Seeking the right ADA-compliant emergency phone is a difficult process. A plethora of choices can ma
If you’ve ever had to sort through the confusing terms and special charges in all those long-distance plans phone companies are selling these days, you already have a pretty good idea of what’s involved in picking the right Americans with Disabilities Act (ADA)-compliant emergency phone for your facility.
Because, just like those reportedly “5-cent” calling plans that jack up their rates if you call during peak hours, making the wrong choice when selecting an emergency phone can bust your budget, limit your options and inflate your monthly phone bills.
All ADA emergency phones are not created equal. It’s a phone-cord jungle out there, and the key is to untangle the facts from the hype. You can start by nixing the idea that the higher priced models provide the most features. In fact, a survey (see chart on page 58) of the most popular models shows just the opposite to be true in some cases.
Some of the lower-priced models contain not only the features you need immediately but also offer some long-term money-saving features as well. You must take into account dialing features, and how calls are handled and disconnected, when looking at these devices.
How about those phones with fancy enclosures and shiny big red buttons? You’d be surprised to know that under some of that glimmering sheet metal you’ll find very obsolete technology—technology that will prove costly to repair as parts become scarce.
How these phones are powered and in what kind of temperatures they operate are other very important considerations when seeking assurance that the phone you select will work properly. You could be held liable for the smallest malfunction.
This may not be such a big deal if you’re in the market for a single emergency phone for a specific location, such as an elevator. But if you’re buying a slew of phones for various locations, including parking ramps, banks of elevators and other areas of rescue, you’re talking about a major investment—especially when you consider that the pricier ADA-compliant phones can sell for more than $850 each.
The phones used for comparison in this study include ADA-compliant phones from each of the six largest manufacturers of the devices: Allen-Tel, CEECO, GAI-Tronics, Talk-A-Phone, Rath Microtech and Viking Electronics.
When it comes to meeting the basic ADA requirements, all makes and models incorporate the same features—a built-in dialer, speakerphone, a call connected light, and some method of identifying the location to the answering party. But once you go beyond the basics, you’ll find significant differences among manufacturers.
Dialing Considerations Are of Utmost Importance
Any comparison of emergency phones should start with dialing features. After all, this is how users start the process of using the device. ADA-compliant phones do not have dials or touch-tone pads—they have built-in auto dialers. But whom do they call and what happens if the line is busy or no one answers? That could mean serious trouble with some of these phones.
Find Out Who Is Handling the Emergency Calls
The bottom line when handling emergency calls is to ensure that all calls are handled promptly, professionally and at all hours. This fact may prompt you to consider using one of the newer emergency phone features.
Disconnecting Can Cause a Major Headache
When discussing disconnection at the end of a call, you don’t want the emergency phone capturing the phone line for endless periods of time.
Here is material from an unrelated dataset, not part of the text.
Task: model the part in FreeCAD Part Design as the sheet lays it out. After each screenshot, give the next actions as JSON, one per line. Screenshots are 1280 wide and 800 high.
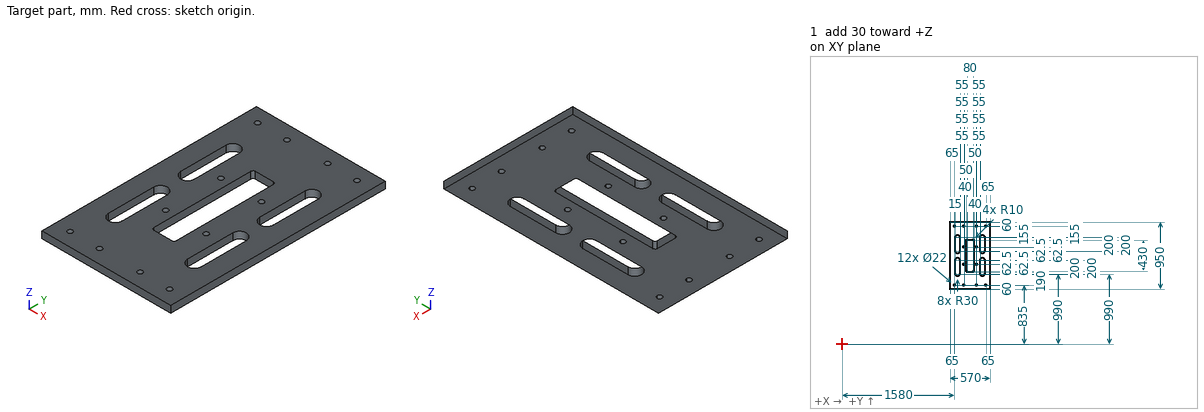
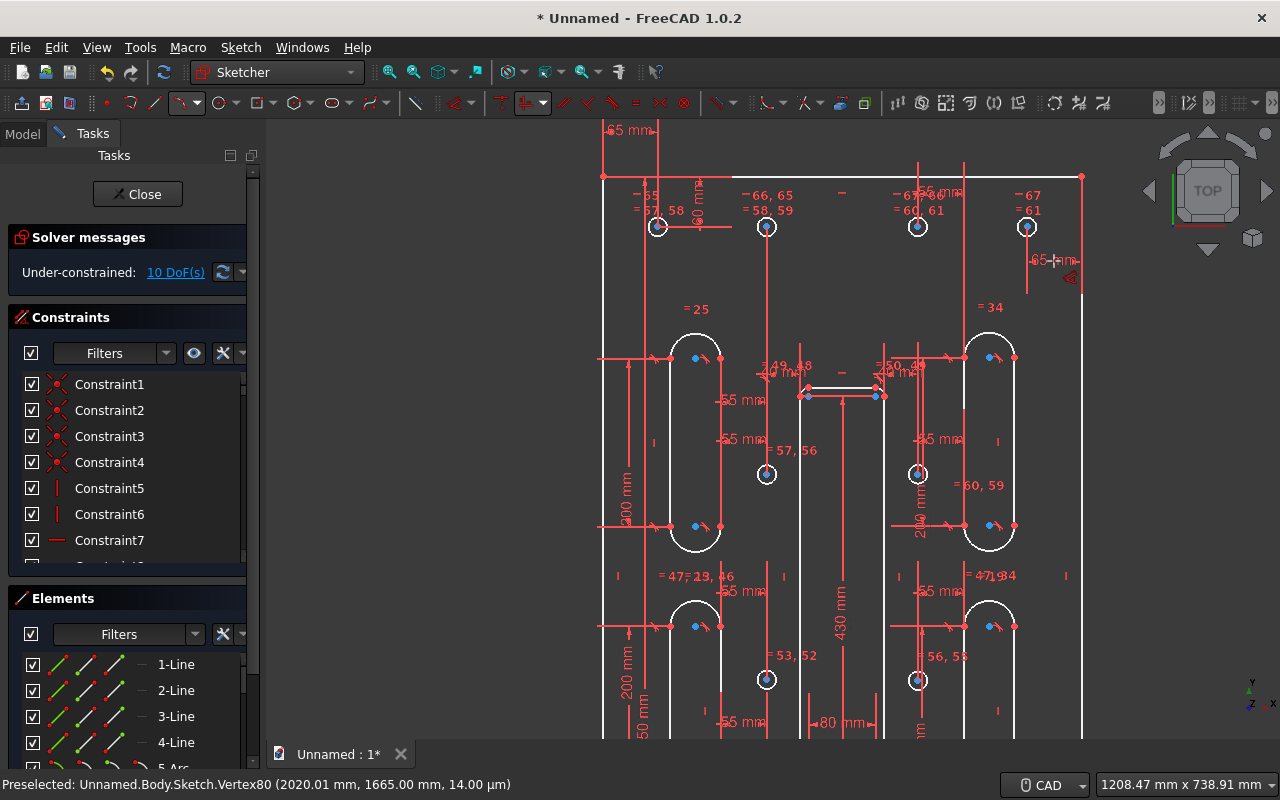
{"action": "scroll", "coordinate": [919, 226], "scroll_direction": "down", "scroll_amount": 6}

Vandals and pranksters could have a field day if they knew they could tie up your emergency phones for hours on end.
This is why most phones have a built-in call timer.
Put the Phone in a Workable Environment
Installation costs are always a concern when outfitting a facility with emergency phones. It is costly enough to run low-voltage telephone cable in protective conduit to protect it from elements and vandals. The last thing you need is to run AC power to those same phones.
Potential Liability Becomes a Bigger Issue
The latest trend in the emergency phone market comes courtesy of the legal profession. If the emergency phone you installed isn’t working when it’s needed most, even if the failure is due to vandals, you can expect to be sued. The minute you install an emergency phone, you incur a legal duty to keep it operational at all times.
Pricing Comparisons Should Be First and Final Step
Each manufacturer offers several models of phones, each with varying degrees of sturdiness. However, most often, differences in price are usually related more to construction design than standard features. Therefore, for these comparisons, the least costly models were selected.